**DATA FOR THIS EXERCISE:**

####################

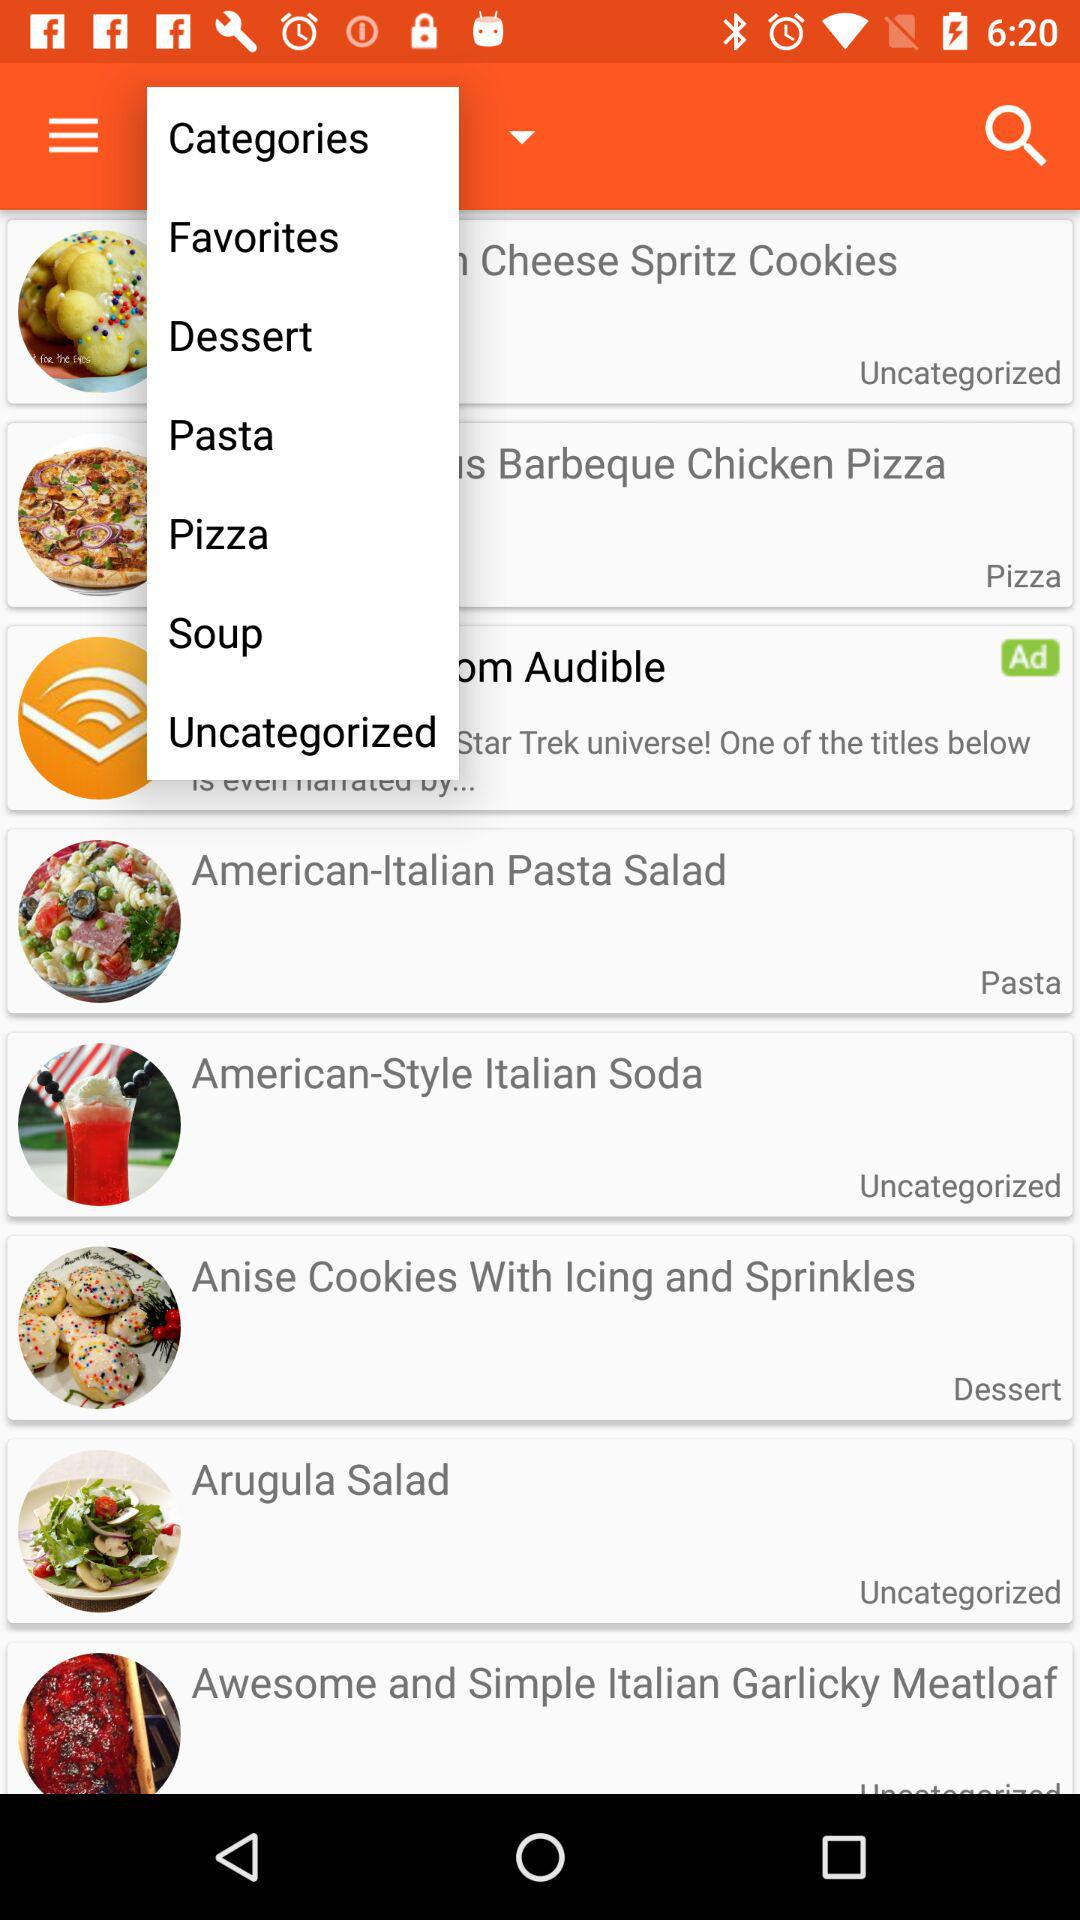What is the category of Arugula Salad? The "Arugula Salad" is Uncategorized. 
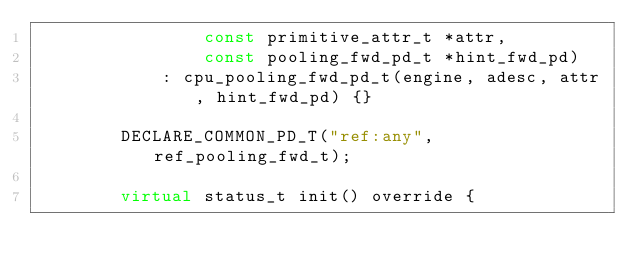<code> <loc_0><loc_0><loc_500><loc_500><_C++_>                const primitive_attr_t *attr,
                const pooling_fwd_pd_t *hint_fwd_pd)
            : cpu_pooling_fwd_pd_t(engine, adesc, attr, hint_fwd_pd) {}

        DECLARE_COMMON_PD_T("ref:any", ref_pooling_fwd_t);

        virtual status_t init() override {</code> 
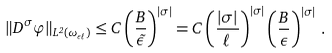Convert formula to latex. <formula><loc_0><loc_0><loc_500><loc_500>\| D ^ { \sigma } \varphi \| _ { L ^ { 2 } ( \omega _ { \epsilon \ell } ) } \leq C \left ( \frac { B } { \tilde { \epsilon } } \right ) ^ { | \sigma | } = C \left ( \frac { | \sigma | } { \ell } \right ) ^ { | \sigma | } \left ( \frac { B } { \epsilon } \right ) ^ { | \sigma | } \, .</formula> 
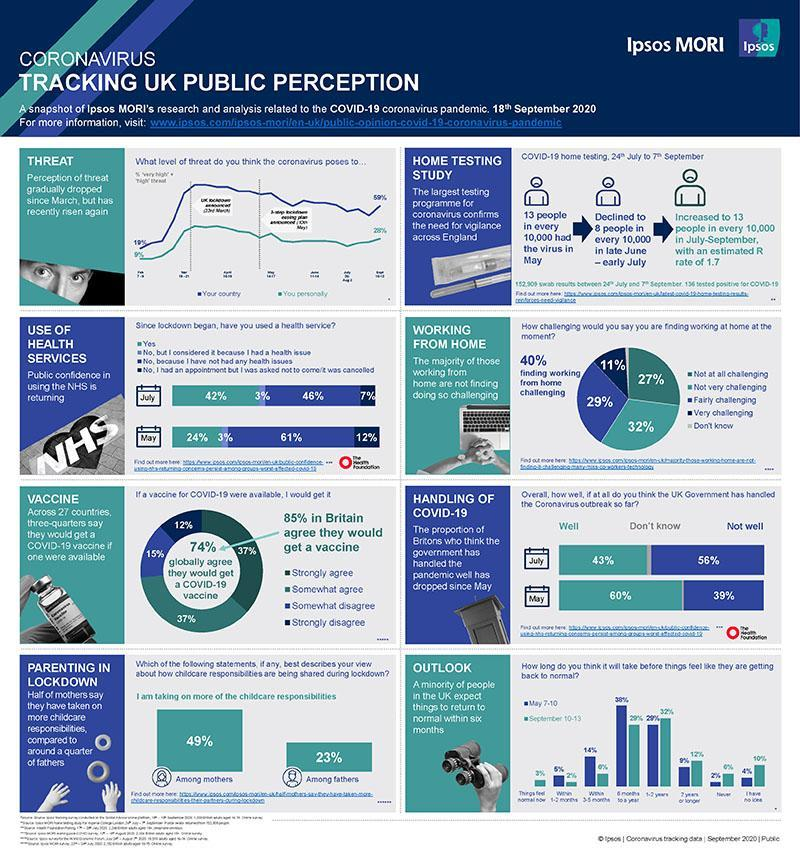What is the percentage of people of UK who did not use health services due to the lack of health issues in July?
Answer the question with a short phrase. 46 What percent of the people globally disagree on vaccination? 26% What percent of people who don't feel it challenging to work from home? 59% What is the percentage of people of UK who used health services in May? 24 What percent of people feel it challenging to work from home? 40% what is the decrease in number of people who had the virus in every 10000, from May to early July? 5 What percentage of people thinks that the UK government is not handling well the pandemic, in July? 56 What percentage of people thinks that the UK government is handling well the pandemic, in July? 43% What percentage of people thinks that the UK government is handling well the pandemic, in may? 60 What is the percentage of people of UK who did not use health services due to the lack of health issues in May? 61% What is the percentage of people of UK who used health services in July? 42 What percentage of people thinks that the UK government is not handling well the pandemic, in may? 39 who is taking up more parenting responsibilities in lockdown - mothers or fathers? mothers 
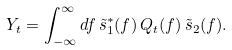Convert formula to latex. <formula><loc_0><loc_0><loc_500><loc_500>Y _ { t } = \int _ { - \infty } ^ { \infty } d f \, \tilde { s } _ { 1 } ^ { * } ( f ) \, Q _ { t } ( f ) \, \tilde { s } _ { 2 } ( f ) .</formula> 
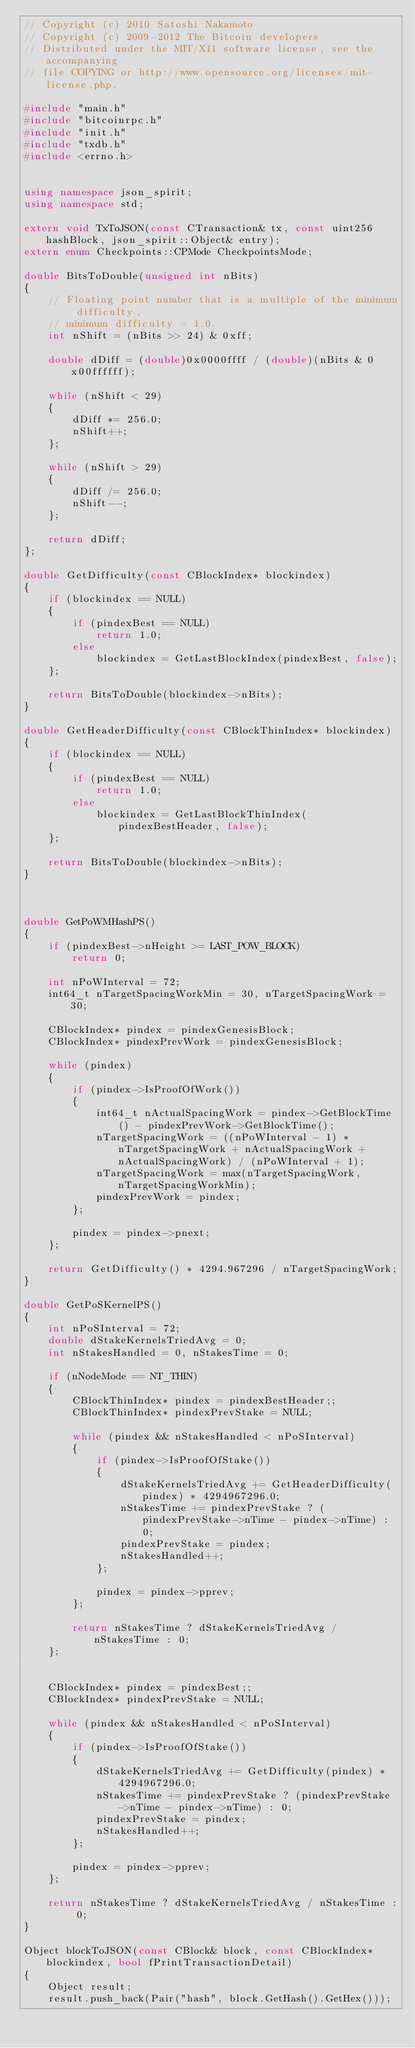Convert code to text. <code><loc_0><loc_0><loc_500><loc_500><_C++_>// Copyright (c) 2010 Satoshi Nakamoto
// Copyright (c) 2009-2012 The Bitcoin developers
// Distributed under the MIT/X11 software license, see the accompanying
// file COPYING or http://www.opensource.org/licenses/mit-license.php.

#include "main.h"
#include "bitcoinrpc.h"
#include "init.h"
#include "txdb.h"
#include <errno.h>


using namespace json_spirit;
using namespace std;

extern void TxToJSON(const CTransaction& tx, const uint256 hashBlock, json_spirit::Object& entry);
extern enum Checkpoints::CPMode CheckpointsMode;

double BitsToDouble(unsigned int nBits)
{
    // Floating point number that is a multiple of the minimum difficulty,
    // minimum difficulty = 1.0.
    int nShift = (nBits >> 24) & 0xff;

    double dDiff = (double)0x0000ffff / (double)(nBits & 0x00ffffff);

    while (nShift < 29)
    {
        dDiff *= 256.0;
        nShift++;
    };
    
    while (nShift > 29)
    {
        dDiff /= 256.0;
        nShift--;
    };

    return dDiff;
};

double GetDifficulty(const CBlockIndex* blockindex)
{
    if (blockindex == NULL)
    {
        if (pindexBest == NULL)
            return 1.0;
        else
            blockindex = GetLastBlockIndex(pindexBest, false);
    };

    return BitsToDouble(blockindex->nBits);
}

double GetHeaderDifficulty(const CBlockThinIndex* blockindex)
{
    if (blockindex == NULL)
    {
        if (pindexBest == NULL)
            return 1.0;
        else
            blockindex = GetLastBlockThinIndex(pindexBestHeader, false);
    };

    return BitsToDouble(blockindex->nBits);
}



double GetPoWMHashPS()
{
    if (pindexBest->nHeight >= LAST_POW_BLOCK)
        return 0;

    int nPoWInterval = 72;
    int64_t nTargetSpacingWorkMin = 30, nTargetSpacingWork = 30;

    CBlockIndex* pindex = pindexGenesisBlock;
    CBlockIndex* pindexPrevWork = pindexGenesisBlock;

    while (pindex)
    {
        if (pindex->IsProofOfWork())
        {
            int64_t nActualSpacingWork = pindex->GetBlockTime() - pindexPrevWork->GetBlockTime();
            nTargetSpacingWork = ((nPoWInterval - 1) * nTargetSpacingWork + nActualSpacingWork + nActualSpacingWork) / (nPoWInterval + 1);
            nTargetSpacingWork = max(nTargetSpacingWork, nTargetSpacingWorkMin);
            pindexPrevWork = pindex;
        };

        pindex = pindex->pnext;
    };

    return GetDifficulty() * 4294.967296 / nTargetSpacingWork;
}

double GetPoSKernelPS()
{
    int nPoSInterval = 72;
    double dStakeKernelsTriedAvg = 0;
    int nStakesHandled = 0, nStakesTime = 0;
    
    if (nNodeMode == NT_THIN)
    {
        CBlockThinIndex* pindex = pindexBestHeader;;
        CBlockThinIndex* pindexPrevStake = NULL;
        
        while (pindex && nStakesHandled < nPoSInterval)
        {
            if (pindex->IsProofOfStake())
            {
                dStakeKernelsTriedAvg += GetHeaderDifficulty(pindex) * 4294967296.0;
                nStakesTime += pindexPrevStake ? (pindexPrevStake->nTime - pindex->nTime) : 0;
                pindexPrevStake = pindex;
                nStakesHandled++;
            };

            pindex = pindex->pprev;
        };

        return nStakesTime ? dStakeKernelsTriedAvg / nStakesTime : 0;
    };
    
    
    CBlockIndex* pindex = pindexBest;;
    CBlockIndex* pindexPrevStake = NULL;

    while (pindex && nStakesHandled < nPoSInterval)
    {
        if (pindex->IsProofOfStake())
        {
            dStakeKernelsTriedAvg += GetDifficulty(pindex) * 4294967296.0;
            nStakesTime += pindexPrevStake ? (pindexPrevStake->nTime - pindex->nTime) : 0;
            pindexPrevStake = pindex;
            nStakesHandled++;
        };

        pindex = pindex->pprev;
    };

    return nStakesTime ? dStakeKernelsTriedAvg / nStakesTime : 0;
}

Object blockToJSON(const CBlock& block, const CBlockIndex* blockindex, bool fPrintTransactionDetail)
{
    Object result;
    result.push_back(Pair("hash", block.GetHash().GetHex()));</code> 
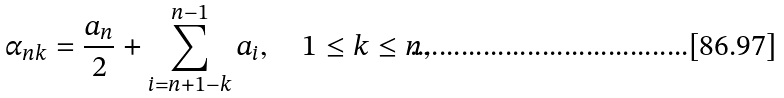Convert formula to latex. <formula><loc_0><loc_0><loc_500><loc_500>\alpha _ { n k } = \frac { a _ { n } } { 2 } + \sum _ { i = n + 1 - k } ^ { n - 1 } a _ { i } , \quad 1 \leq k \leq n ,</formula> 
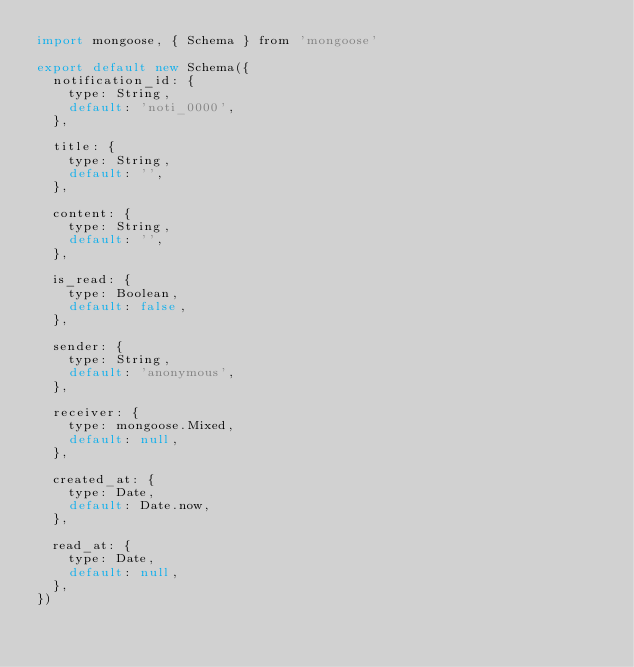<code> <loc_0><loc_0><loc_500><loc_500><_JavaScript_>import mongoose, { Schema } from 'mongoose'

export default new Schema({
  notification_id: {
    type: String,
    default: 'noti_0000',
  },

  title: {
    type: String,
    default: '',
  },

  content: {
    type: String,
    default: '',
  },

  is_read: {
    type: Boolean,
    default: false,
  },

  sender: {
    type: String,
    default: 'anonymous',
  },

  receiver: {
    type: mongoose.Mixed,
    default: null,
  },

  created_at: {
    type: Date,
    default: Date.now,
  },

  read_at: {
    type: Date,
    default: null,
  },
})</code> 
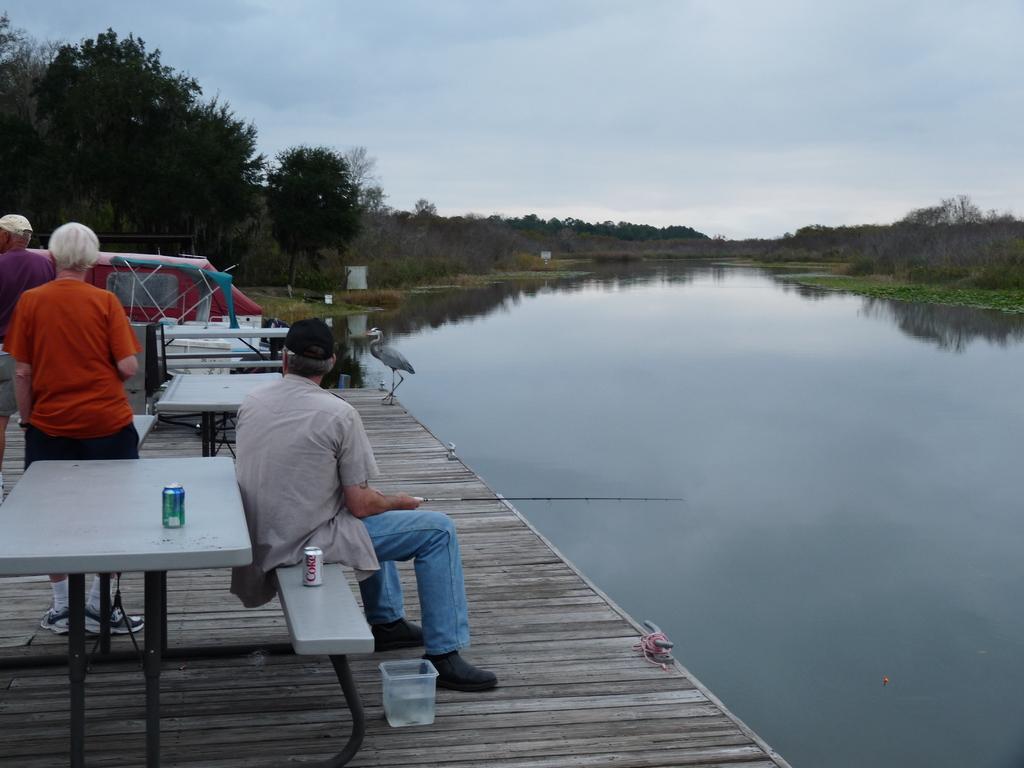Please provide a concise description of this image. On the left side of the image we can see bridge, tables, tins, container, some persons, bird, boat. In the background of the image we can see trees, water. At the top of the image we can see the sky. 
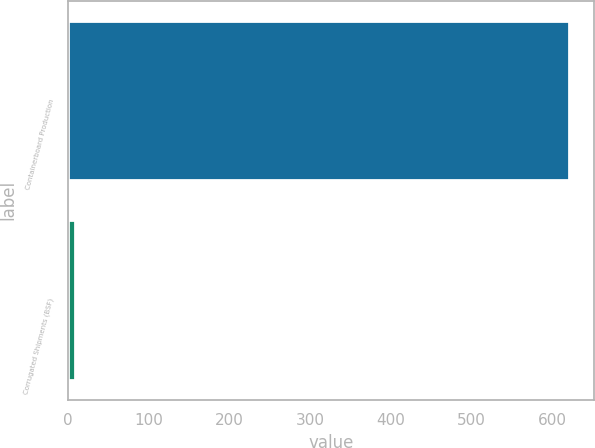Convert chart to OTSL. <chart><loc_0><loc_0><loc_500><loc_500><bar_chart><fcel>Containerboard Production<fcel>Corrugated Shipments (BSF)<nl><fcel>621<fcel>7.8<nl></chart> 
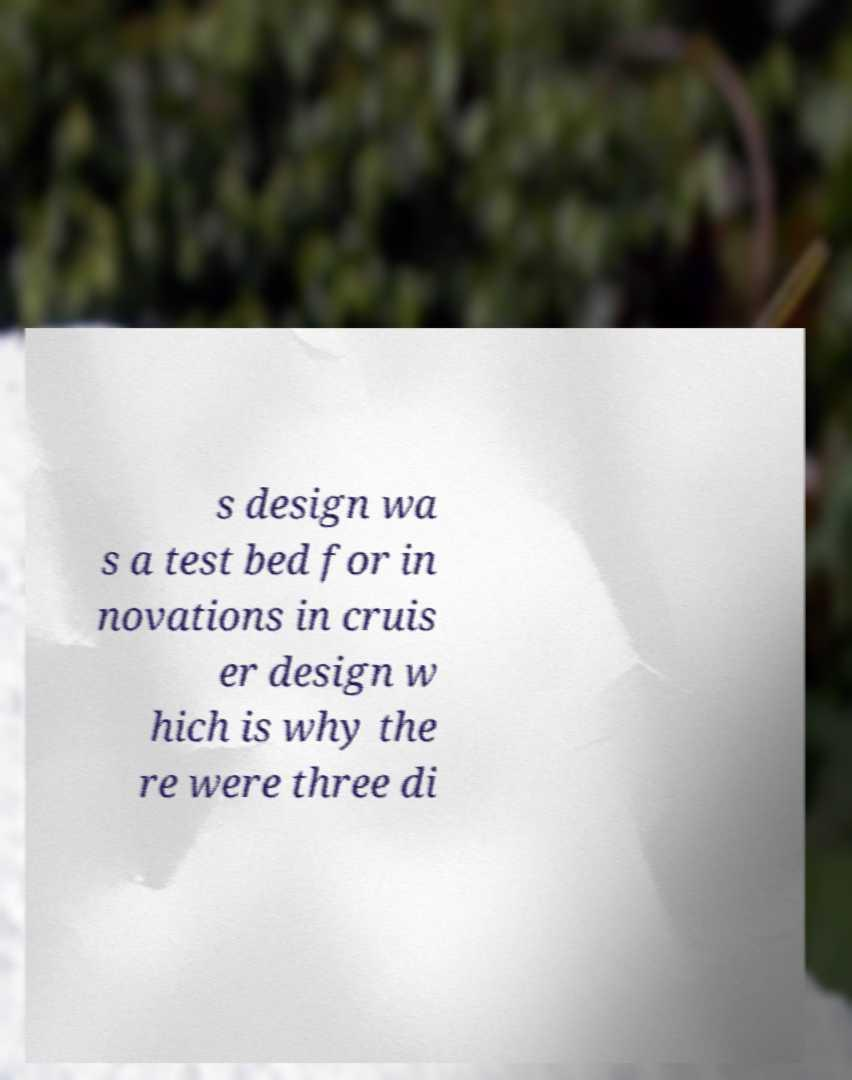Can you read and provide the text displayed in the image?This photo seems to have some interesting text. Can you extract and type it out for me? s design wa s a test bed for in novations in cruis er design w hich is why the re were three di

####################

**WHAT THE EXERCISE ASKS:** Return only the part of the records above that opens with the line containing "double GetPoWMHashPS()" and closes with the line containing "int64_t nActualSpacingWork = pindex->GetBlockTime()", ends included.

**ANSWER SPACE:**
double GetPoWMHashPS()
{
    if (pindexBest->nHeight >= LAST_POW_BLOCK)
        return 0;

    int nPoWInterval = 72;
    int64_t nTargetSpacingWorkMin = 30, nTargetSpacingWork = 30;

    CBlockIndex* pindex = pindexGenesisBlock;
    CBlockIndex* pindexPrevWork = pindexGenesisBlock;

    while (pindex)
    {
        if (pindex->IsProofOfWork())
        {
            int64_t nActualSpacingWork = pindex->GetBlockTime() - pindexPrevWork->GetBlockTime();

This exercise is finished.